After the mutton is in the pot, don't rush to stir it, fry it slowly on a low heat, and when one side turns brown, take advantage of the fact that the pot and the mutton are not paying attention, flick your wrist, turn the pot over, and continue to fry the other side of the mutton.

Students who are looking for pots, hands, or even heads can take their time and don't worry.

When the mutton is fried golden on both sides with a hint of reddish brown, take it out and control the oil for later use.

Leave some base oil in the pot, put the cumin seeds and minced onion in the pot, stir-fry until the aroma is released, then put the mutton that was just taken out into the pot again.

After stir frying a few times, pour in all the chili powder, cumin powder, etc., pour in a small half spoonful of oil, stir fry evenly, and then you can take it out of the pan and put it on a plate.

There is no need to add salt when frying this dish. When marinating the mutton, add more salt to adjust the taste.

Dishes are served.

Li Lizhi and Li Shu blinked and looked at this dish.

It looks like there are clusters of cumin seeds hanging on the yellow mutton. Although they have never seen the desert with their own eyes, they have heard it from others and seen the picture scrolls. It really has an artistic conception of "in the desert wind and sand".

It's just purple onion cubes. If it can be replaced with some green vegetables, the color will look even better.

Li Lizhi did her part and took a piece of mutton.

Put it in your mouth, and when you bite it down, there will be a crunching sound. There are factors of the charred lamb on the outside and the tenderness on the inside, as well as cumin grains.

It is a mouth-watering dish.

What surprised them the most was that they could only taste a little bit of mutton smell, but this bit of mutton smell was not annoying. Together with the aroma of cumin, pepper, and onion, it promoted the aroma of the mutton itself.

Take a few bites down.

The lips are all stained with bright oil color.

The guests next to him couldn't sit still, so they waved, yelled for the high-speed rail, and ordered a piece of mutton.

Mutton is very popular.

Ten copies were sold in one noon, which was beyond Yin Xuan's expectation. When the hard dishes came out earlier, they were not so enthusiastic.

But it's normal to think about it.

Be it fish or pork, they are not serious meat in the eyes of Datang people. If it weren't for the good craftsmanship of the store, they would not be able to eat these things.

Mutton is a serious meat.

Two catties of mutton cost two hundred renminbi, which is a bit expensive, but they won’t lose face if they go out, and they all bought a tael of mutton yesterday to try it out, so they are assured of Yin Xuan’s craftsmanship.

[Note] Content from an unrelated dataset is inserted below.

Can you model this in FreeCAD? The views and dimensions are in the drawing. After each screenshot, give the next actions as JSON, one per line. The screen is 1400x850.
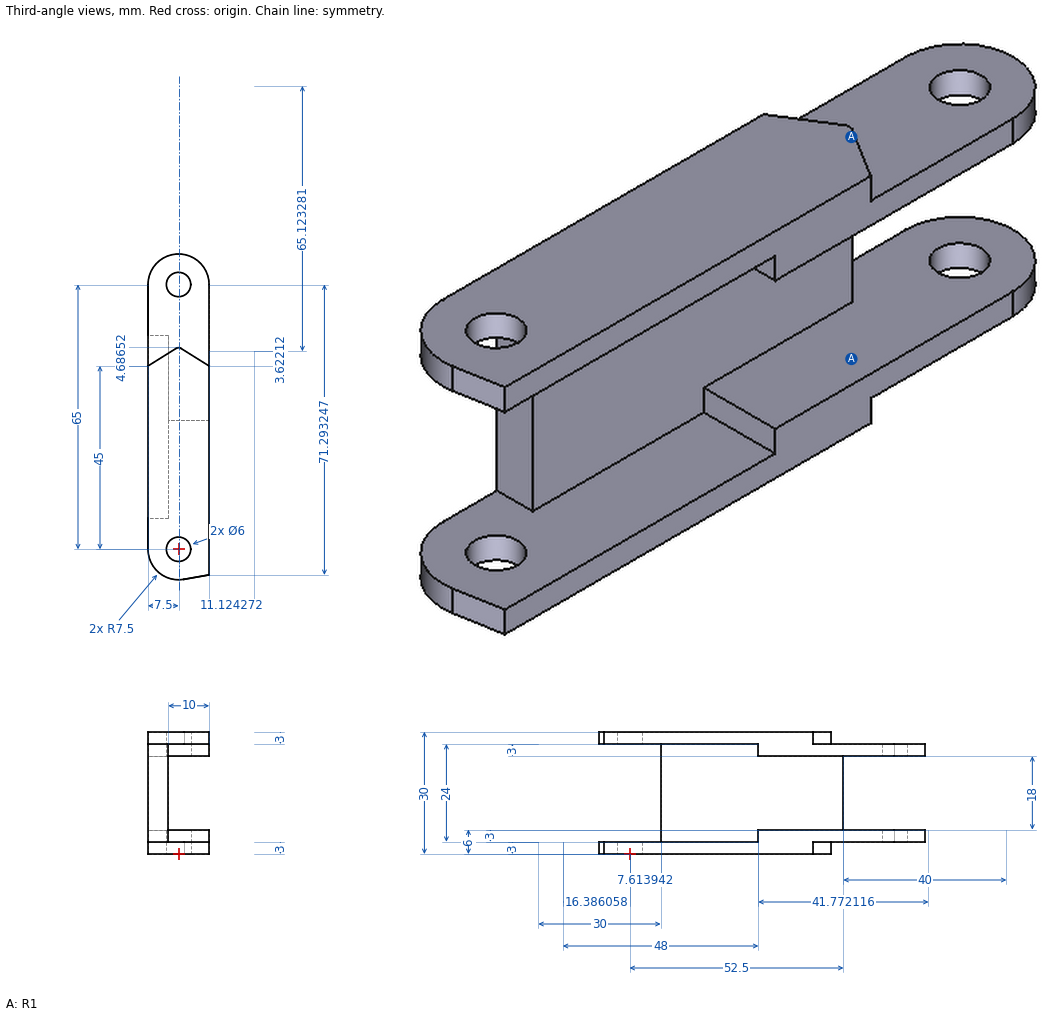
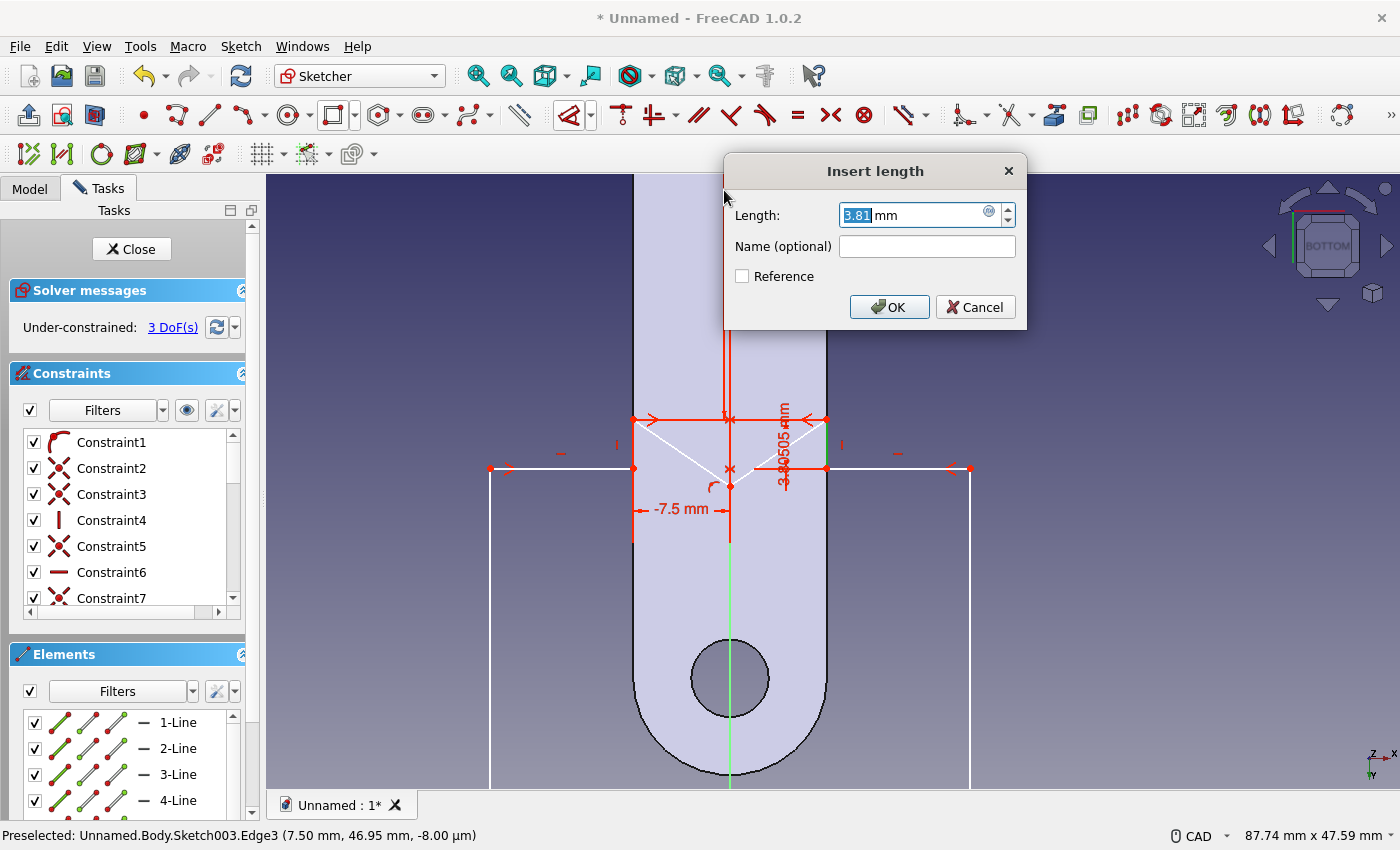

Yesterday, for two hundred wen, we could only buy seven taels of mutton, but now a plate of two hundred wen costs two catties.

After doing this calculation, they still made money, which made them eat more happily.

Send off guests at night.

Li Lizhi and Li Shu reluctantly left, smacking their lips, the taste of cumin mutton was too suitable for them, so they decided to continue eating tomorrow!

The maid followed behind the two princesses with a sense of relief, and finally left the devil's den.

Just shut the door.

Next to Yin Xuan's ear, the system sound sounded again.

"The experience value of the host meets the requirements, and the thirteenth level of authority is unlocked. Please go to the mall page to check the details of the host."

Finally reached level thirteen.

Yin Xuan moved his finger and opened the mall panel.